在快速扩展的 Web 视频内容领域,文本视频检索任务变得越来越关键,将文本查询和视频数据之间的语义差距缩小。本文提出了一种新颖的数据中心方法,通用查询扩展(GQE),来解决文本和视频之间的固有信息不平衡,提高文本视频检索系统的有效性。与传统的模型中心方法不同,GQE 旨在在训练和测试阶段扩大与视频相关的文本查询。通过自适应地将视频剪辑为短片段并使用零 shot 字幕,GQE 丰富了训练数据集,有效地弥合了数据不平衡。此外,在检索过程中,GQE 利用大型语言模型(LLM)生成一系列问题,并采用查询选择模块根据相关性和多样性过滤这些问题,从而在减少计算开销的同时优化检索性能。我们的贡献包括对信息不平衡挑战的详细分析、视频文本数据集中的查询扩展新方法和引入查询选择策略以提高检索准确性的详细说明。GQE 在多个基准测试中都取得了最先进的性能,包括 MSR-VTT、MSVD、LSMDC 和 VATEX,这表明从数据中心的角度解决文本视频检索是有效的。
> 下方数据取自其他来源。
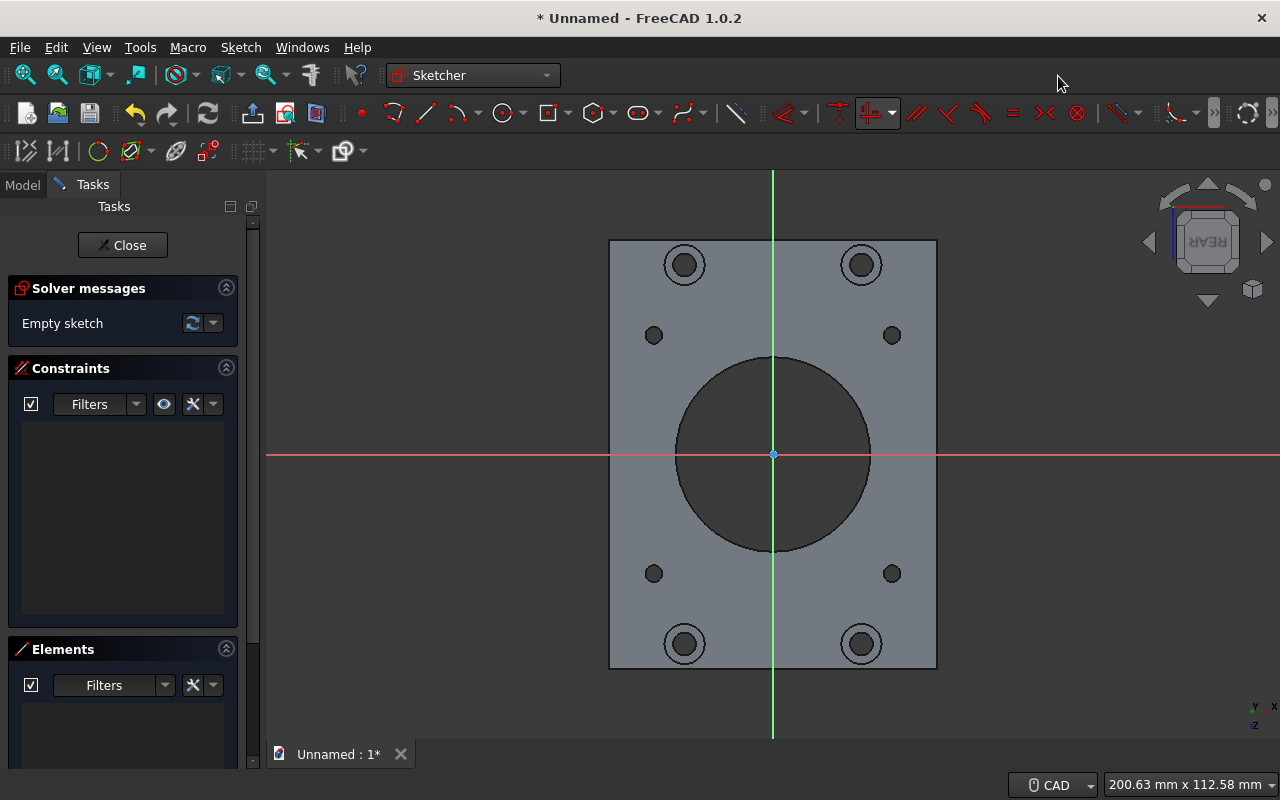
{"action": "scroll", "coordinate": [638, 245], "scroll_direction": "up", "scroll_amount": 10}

https://arxiv.org/abs/2408.07249
Implicit Neural Networks (INRs) have emerged as powerful representations to encode all forms of data, including images, videos, audios, and scenes. With video, many INRs for video have been proposed for the compression task, and recent methods feature significant improvements with respect to encoding time, storage, and reconstruction quality. However, these encoded representations lack semantic meaning, so they cannot be used for any downstream tasks that require such properties, such as retrieval. This can act as a barrier for adoption of video INRs over traditional codecs as they do not offer any significant edge apart from compression. To alleviate this, we propose a flexible framework that decouples the spatial and temporal aspects of the video INR. We accomplish this with a dictionary of per-frame latents that are learned jointly with a set of video specific hypernetworks, such that given a latent, these hypernetworks can predict the INR weights to reconstruct the given frame. This framework not only retains the compression efficiency, but the learned latents can be aligned with features from large vision models, which grants them discriminative properties. We align these latents with CLIP and show good performance for both compression and video retrieval tasks. By aligning with VideoLlama, we are able to perform open-ended chat with our learned latents as the visual inputs. Additionally, the learned latents serve as a proxy for the underlying weights, allowing us perform tasks like video interpolation. These semantic properties and applications, existing simultaneously with ability to perform compression, interpolation, and superresolution properties, are a first in this field of work.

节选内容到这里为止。